In addition to noradrenergic neurons, dopaminergic neurons in the ventral tegmental area (VTA) and dorsal raphe nucleus (DRN) have also been found to be involved in the regulation of wakefulness or sleep. VTA dopaminergic neurons were found to be activated during REM sleep, and this activation was similar to the activity measured during the consumption of palatable food42. With fiber photometry to record calcium activity, the activity of VTA dopaminergic neurons was found to be reduced during NREM sleep compared with both wakefulness and REM sleep43. Optogenetic activation of VTA dopaminergic neurons was found to initiate and maintain wakefulness, while chemogenetic inhibition of VTA dopaminergic neurons decreased wakefulness and promoted sleep43. Optogenetic stimulation and chemogenetic inhibition of DRN dopaminergic neurons were shown to promote and reduce wakefulness, respectively44. Furthermore, the importance of dopamine is also evidenced by the results showing that optogenetic activation of nucleus accumbens dopamine D1 receptor (D1R)-expressing neurons induced immediate transitions from NREM sleep to wakefulness, and chemogenetic stimulation prolonged arousal45. These results all indicate the importance of dopamine in the regulation of wakefulness. Moreover, serotonergic DRN neurons were shown to be active during wakefulness and progressively less active during the early, middle and late phases of slow-wave sleep46. Meanwhile, the involvement of serotonin in the regulation of sleep is also evidenced by the finding showing increased REM sleep and decreased serotonin level with DRN microdialysis perfusion of 8-Hydroxy-2-(Di-n-Propylamino)Tetralin (8-OH-DPAT), a selective hydroxytryptamine (5-HT) receptor agonist that inhibits serotonergic neural activity via autoreceptor-mediated inhibition47. At the same time, the sleep-promoting ventral lateral pre-optic nucleus (VLPO) innervates the monoaminergic arousal components (including LC and raphe system) and receives inputs from these areas, reciprocally. Dysfunction of the monoaminergic neurons may hence cause disturbance in the sleep-promoting system as well8,48.
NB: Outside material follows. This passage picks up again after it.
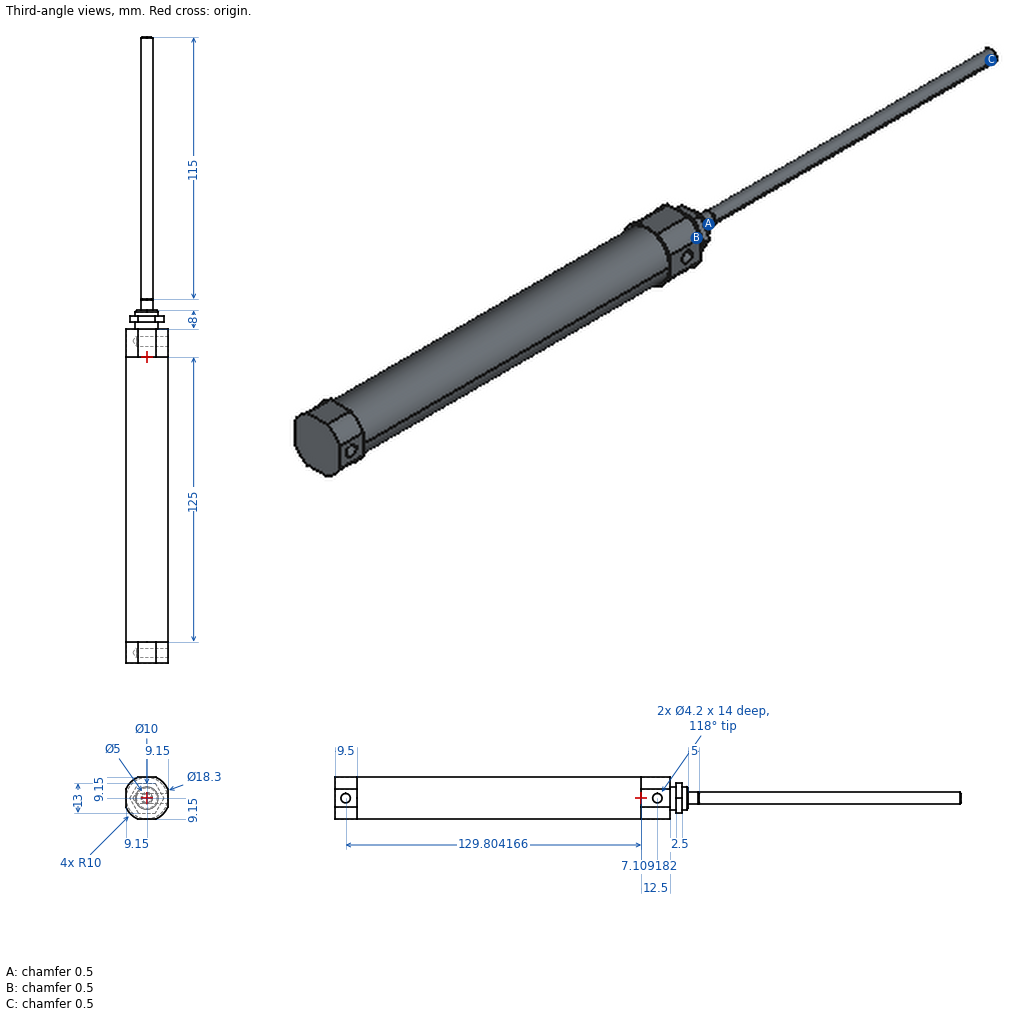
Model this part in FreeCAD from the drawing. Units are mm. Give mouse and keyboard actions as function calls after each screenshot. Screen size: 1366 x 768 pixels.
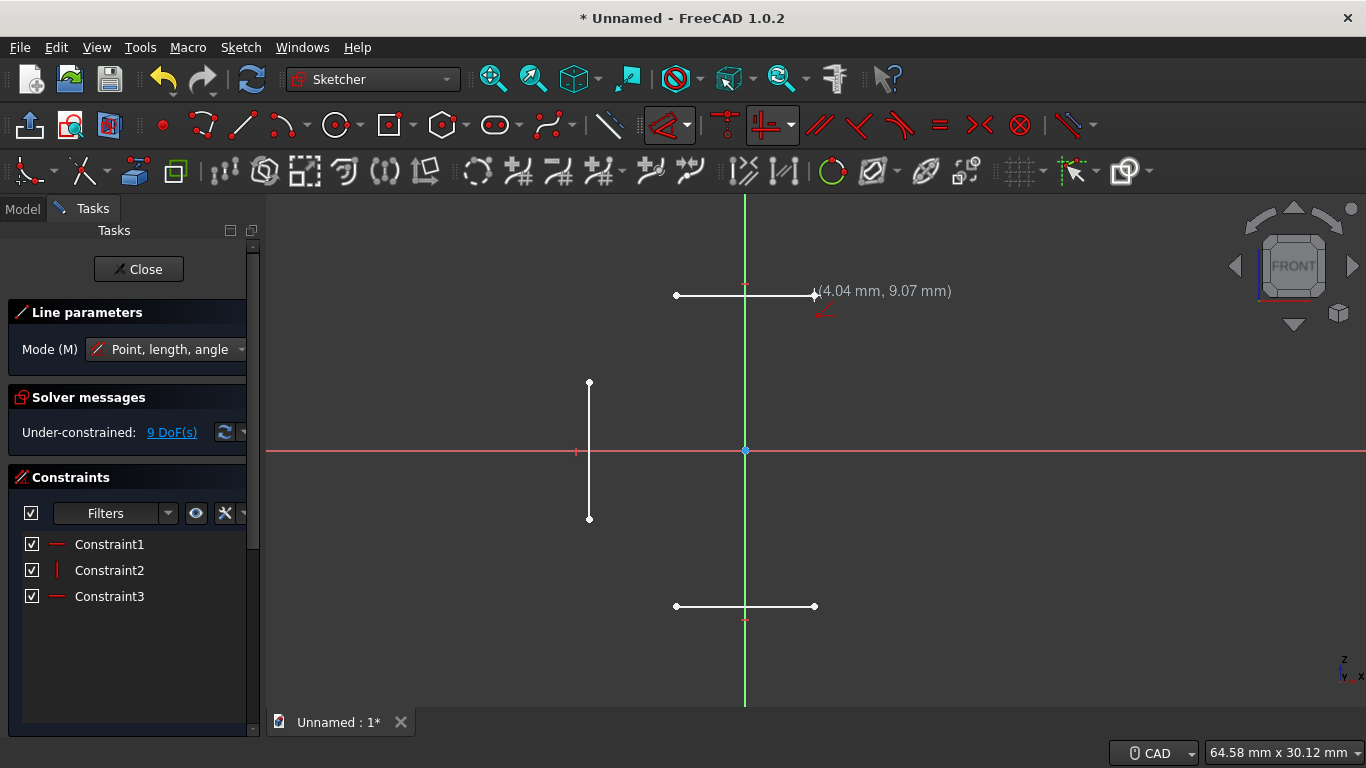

Degeneration of monoaminergic neurons is the histopathological hallmark of PD. Loss of noradrenergic neurons in LC and dopaminergic neurons in VTA has been reported across several studies in patients with PD4953. Neuronal degeneration in DRN has also been reported in patients with PD, although whether dopaminergic or serotonergic neurons are more severely affected remain unknown52. The monoaminergic neuron degeneration may be the underlying cause responsible for the symptoms of excessive daytime sleepiness and sleep disturbances in patients with PD. Moreover, in the present study, the results demonstrate the differences in the profiles of sleep disorders between the two groups with different rs671 genotypes. The findings support the hypothesis that the accumulation of neurotoxic monoamine neurotransmitter aldehyde metabolites as a result of inadequate ALDH2 enzyme activity can cause more severe monoaminergic neuronal loss and more severe disorders in the regulation of wakefulness and sleep.

The present study has potential limitations. The participants in the study were recruited from tertiary medical centers and may cause selection bias. In addition, to ensure accurate and correct report of the sleep symptoms, PD patients who scored < 24 on MMSE were excluded from the study. On the other hand, patients with more severe sleep disturbances may not be included. Another drawback of this study is the need for combining the results of patients with rs671 (AG) and rs671 (AA) into one group for analysis because the genotype frequency of rs671 (AA) is low and hence the number of patients carrying rs671 (AA) in this study is small. The number of patients carrying rs671 (AA) is much smaller (n = 10) than that of the rs671 (GG) (n = 41) and rs671 (AG) (n = 32). If the three groups are analyzed separately, the possibility of type I error would be too high. The study also did not quantify for doses of sleep-aids. This study also did not apply polysomnography (PSG) to obtain objective parameters for sleep evaluation. Utilizing PSG may provide more information and help differentiate REM sleep from NREM sleep because poor sleep maintenance reported by the patients might reflect an increase in REM sleep bout.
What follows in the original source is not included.